Past Simple

Wat: Maak de opdracht over de Past Simple met de Irregular verbs.

Hulp: Bekijk de uitleg hieronder.

Tijd: 5 minuten.

Resultaat: Je beheerst de past simple.

Klaar: Ga verder met het leerarrangement.

 

Wanneer gebruik je de past simple?

Eerst gaan we even een klein stapje terug. We gebruiken de present simple als we het hebben over feiten, gewoonten en dingen die we met regelmaat doen.

- I play tennis. --> dit doe je met regelmaat, dat is een feit.

Maar wat als je nou bijvoorbeeld vorige week hebt getennist? Hoe zeg je dat dan?

- I played tennis last week. --> dit is de past simple.

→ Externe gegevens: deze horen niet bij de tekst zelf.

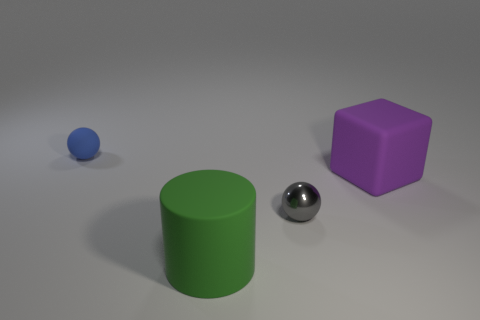There is a tiny sphere in front of the tiny thing left of the gray metal sphere; what is its color?
Keep it short and to the point. Gray. Are there any purple rubber cubes of the same size as the green rubber cylinder?
Your answer should be compact. Yes. What is the object that is behind the matte thing to the right of the large rubber thing in front of the purple matte cube made of?
Offer a very short reply. Rubber. There is a big matte thing that is in front of the big block; what number of metal objects are in front of it?
Give a very brief answer. 0. Is the size of the ball that is in front of the blue ball the same as the block?
Make the answer very short. No. How many blue things are the same shape as the purple object?
Provide a succinct answer. 0. What is the shape of the blue object?
Your response must be concise. Sphere. Are there an equal number of large green matte cylinders behind the purple object and big green matte cubes?
Provide a succinct answer. Yes. Is there any other thing that has the same material as the tiny gray sphere?
Offer a very short reply. No. Is the sphere on the right side of the green rubber thing made of the same material as the big green cylinder?
Offer a terse response. No. 
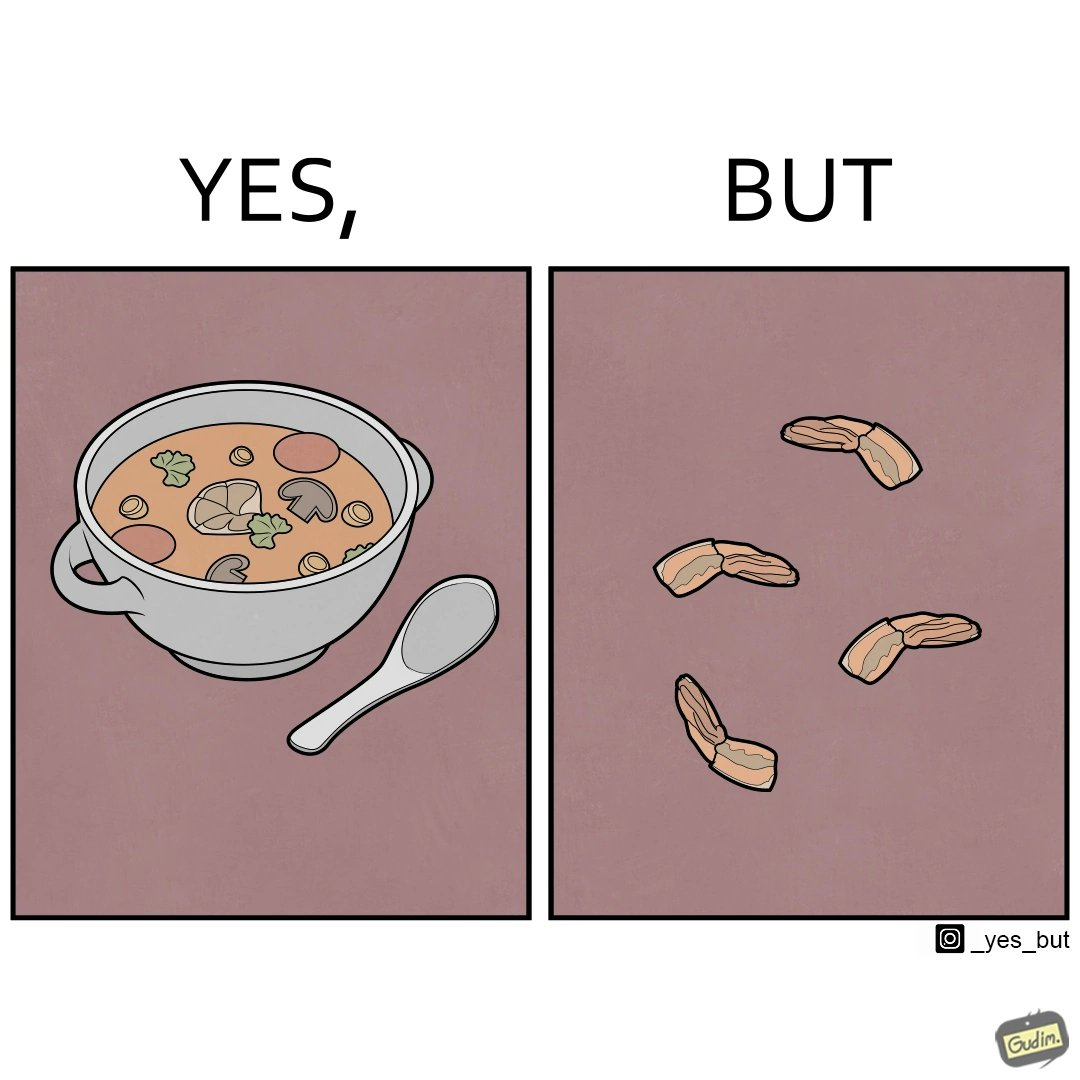Provide a description of this image. when we drink the whole soup, then  it is very healthy. But people eliminate some things which they don't like.

Vaak staan er in een zin signaalwoorden. Dat zijn woorden die het signaal afgeven dat de zin in de past simple, oftewel in de verleden tijd staat, bijvoorbeeld: yesterday, last week, last year, three days ago, a long time ago, in 1989, etc.

- I played football three days ago.
- A long time ago, I visited my grandmother.
- I wanted to meet him yesterday.

Signaalwoorden kunnen zoals je ziet vooraan of achteraan de zin staan.